» **RECORDS SUPPLIED**:
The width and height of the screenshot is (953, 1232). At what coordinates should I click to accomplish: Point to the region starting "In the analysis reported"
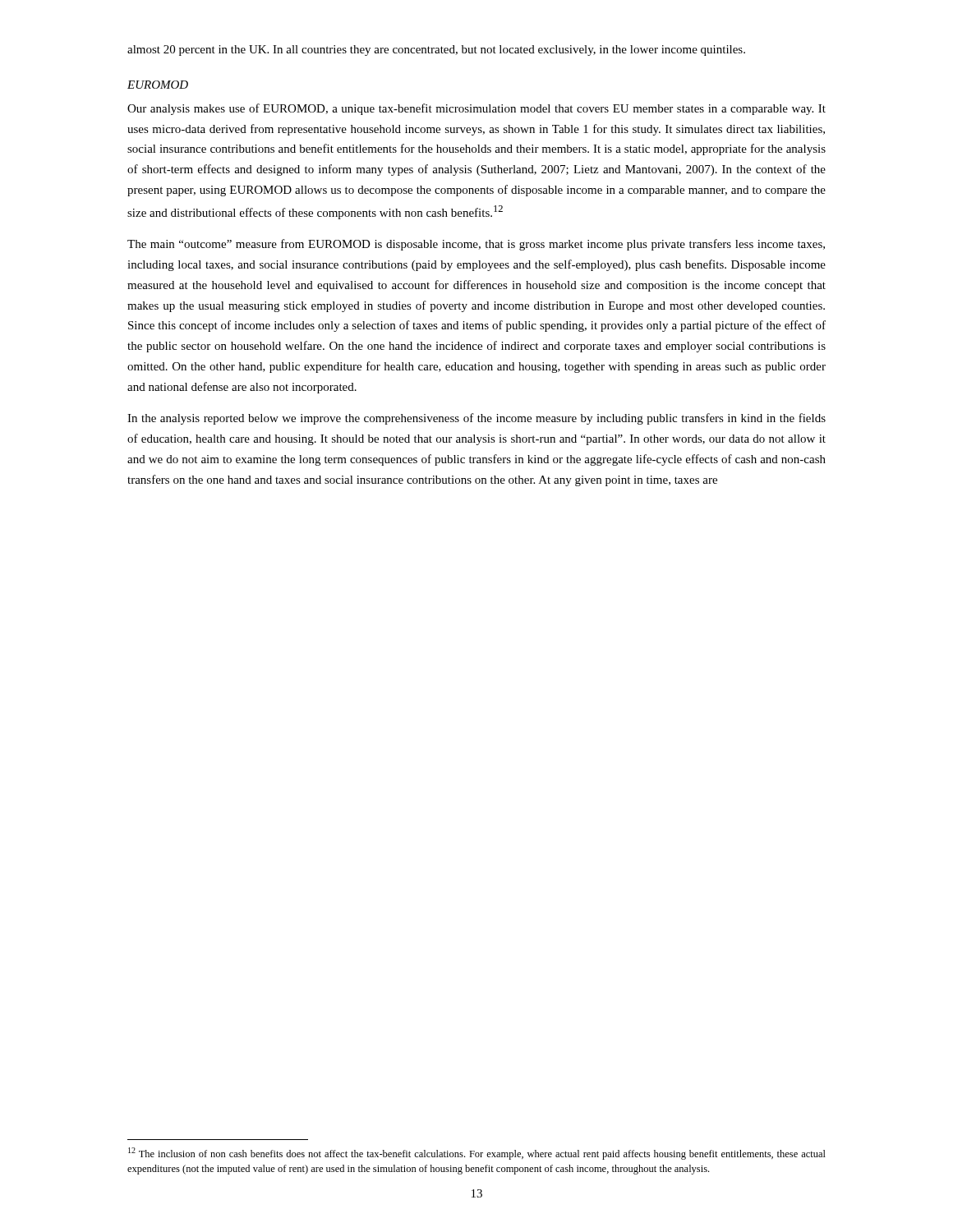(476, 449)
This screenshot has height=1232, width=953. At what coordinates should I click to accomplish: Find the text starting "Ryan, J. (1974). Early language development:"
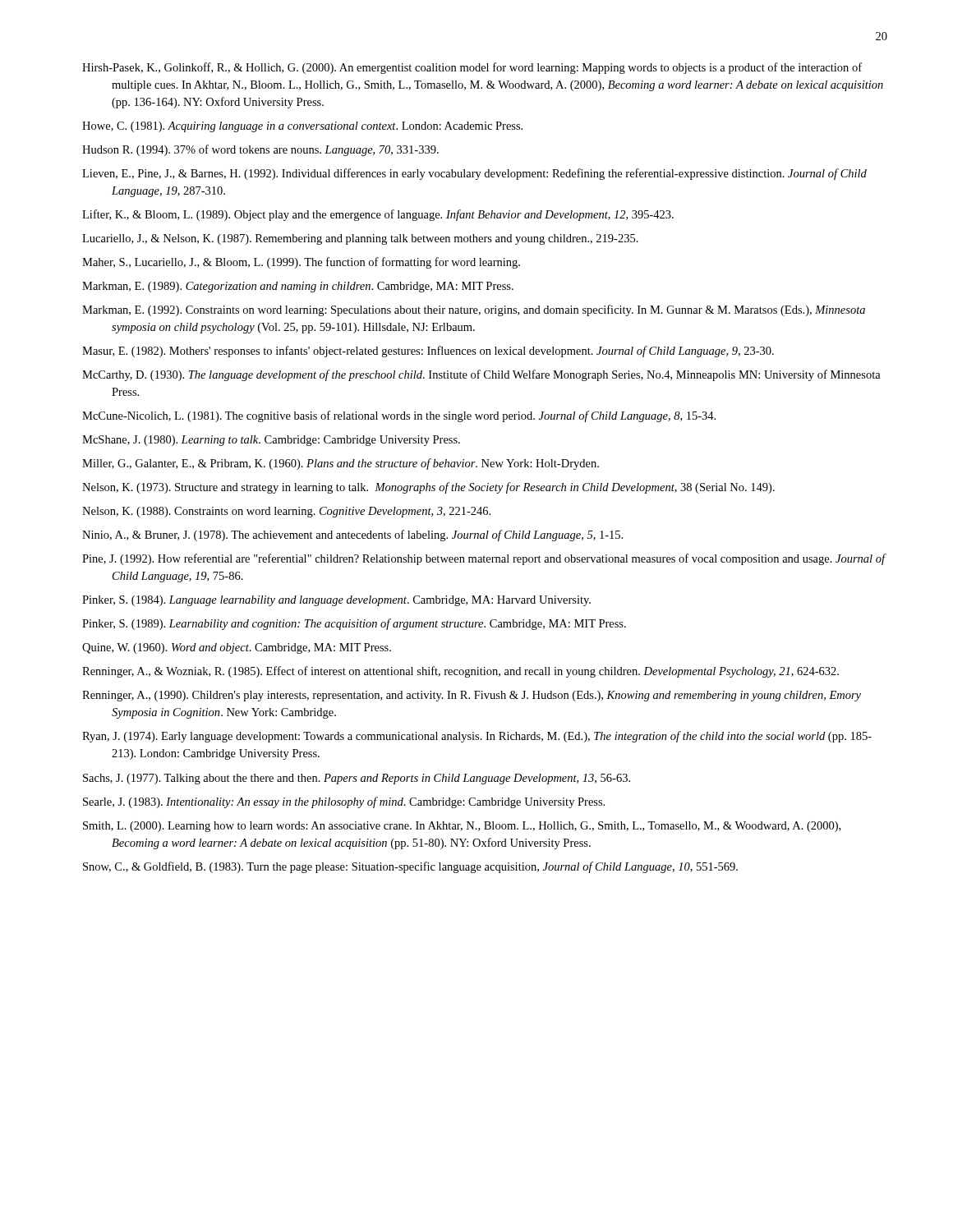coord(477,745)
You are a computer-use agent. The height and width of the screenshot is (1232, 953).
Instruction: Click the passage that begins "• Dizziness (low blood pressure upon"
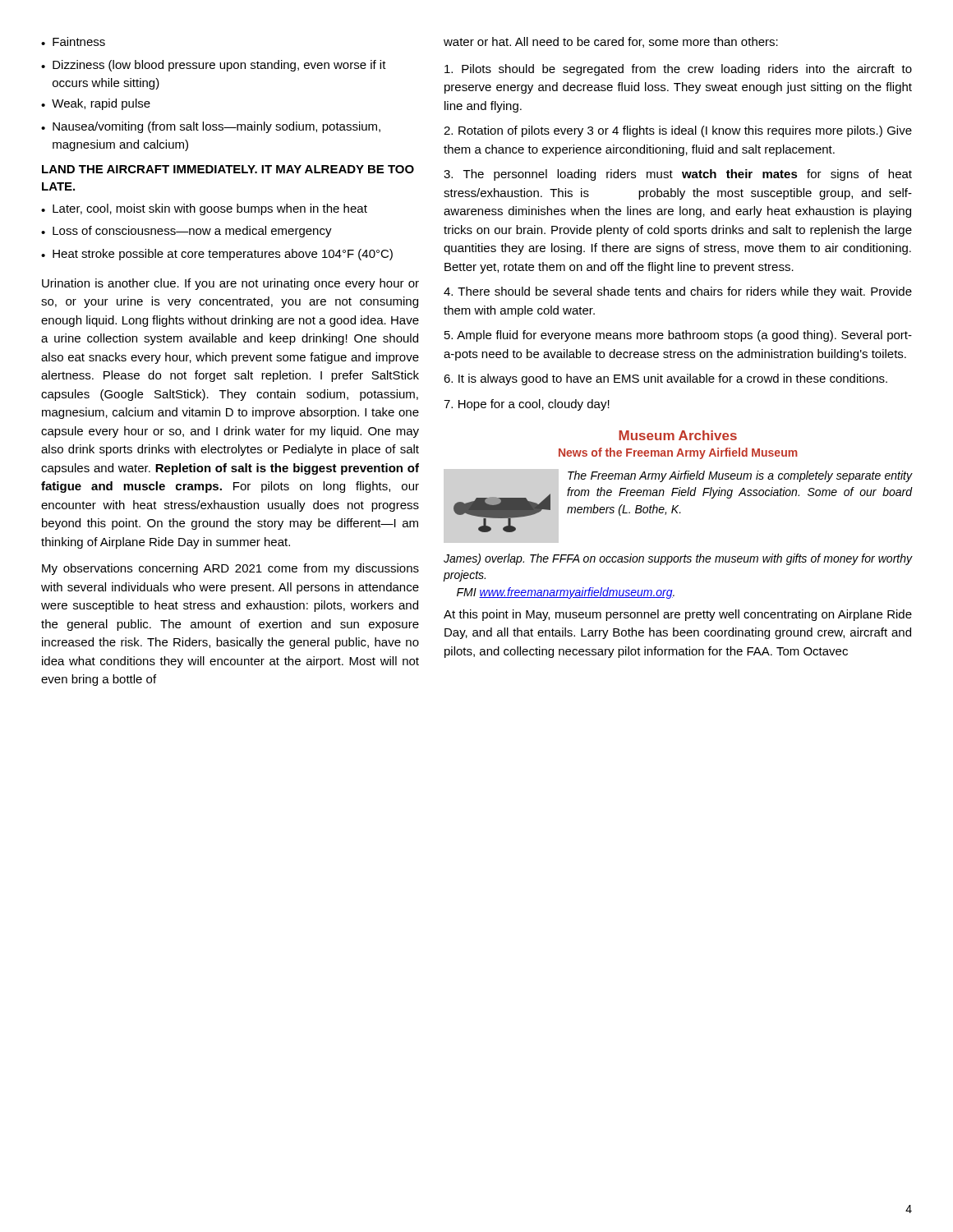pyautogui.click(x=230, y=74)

--

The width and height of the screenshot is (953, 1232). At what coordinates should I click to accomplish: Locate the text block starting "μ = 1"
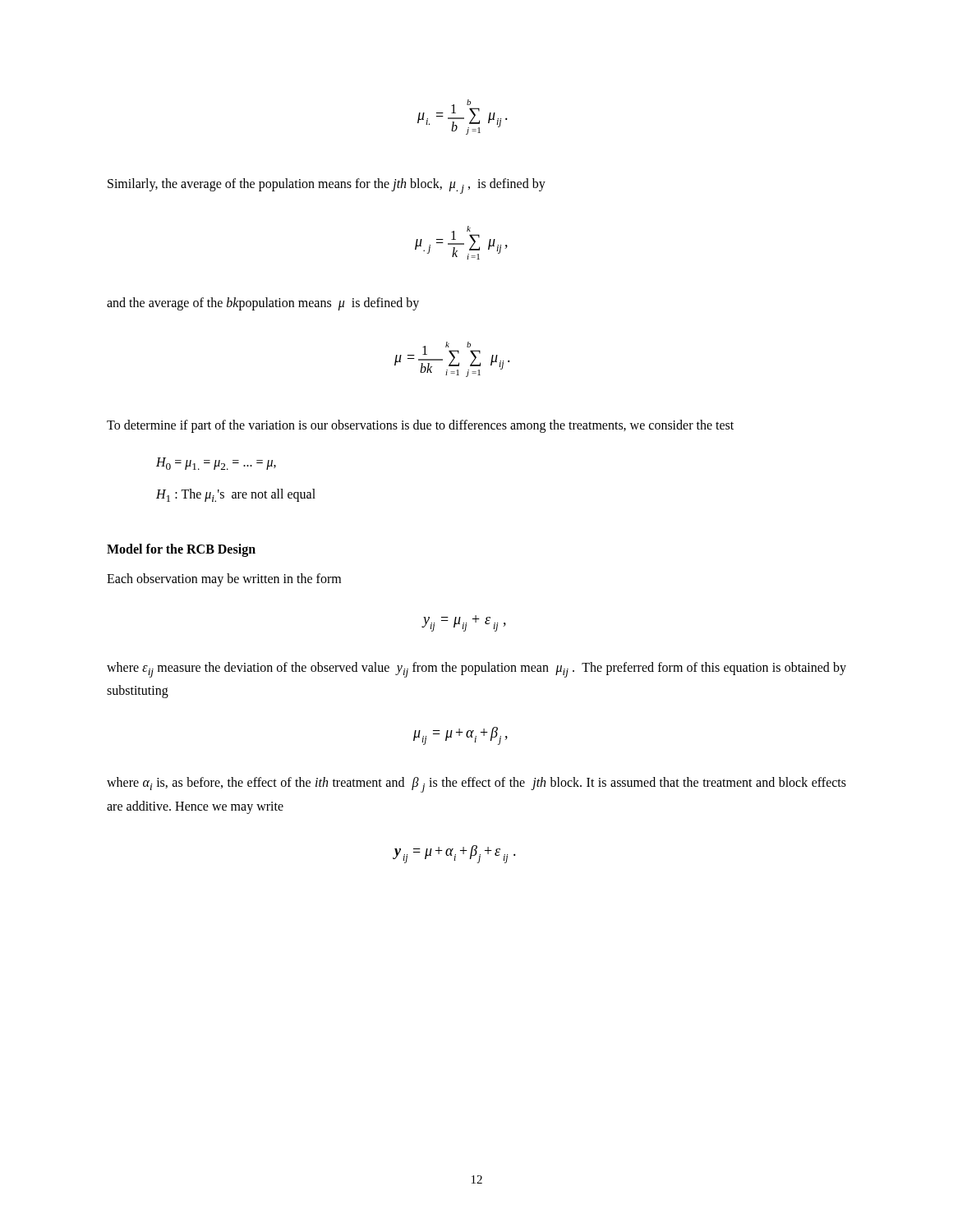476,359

---

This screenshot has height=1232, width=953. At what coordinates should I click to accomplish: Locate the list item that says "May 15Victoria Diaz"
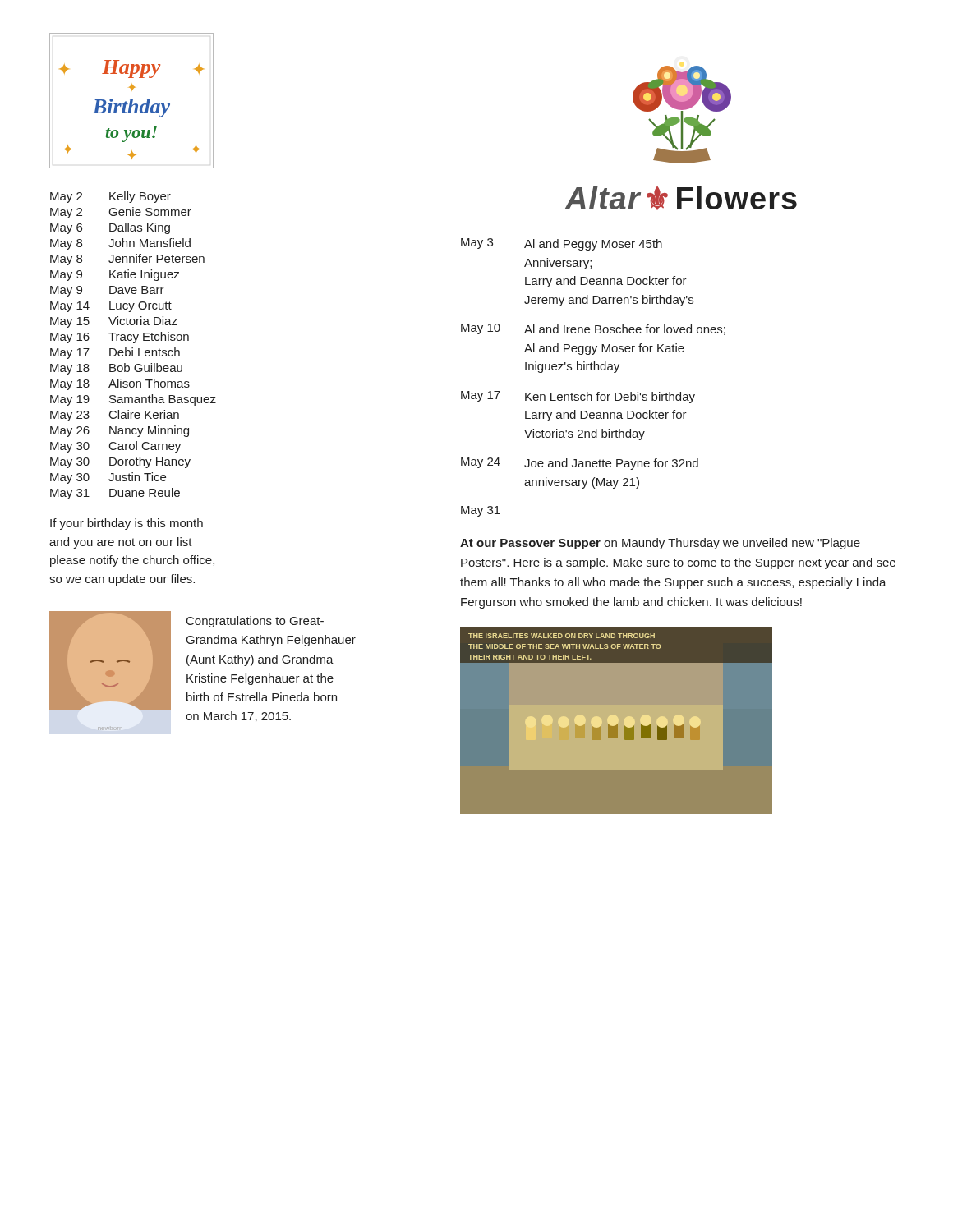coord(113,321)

» **YOUR GOAL**:
Given the entries above, transcribe exactly the lines from the one holding "to accomplish: Find" through the one holding "You are a computer-use"; pictures do not belong in the transcription.

» **SOLUTION TO THIS TASK**:
This screenshot has height=1232, width=953. At what coordinates should I click to accomplish: Find the text starting "Ryan, J. (1974). Early language development:"
coord(477,745)
You are a computer-use agent. The height and width of the screenshot is (1232, 953).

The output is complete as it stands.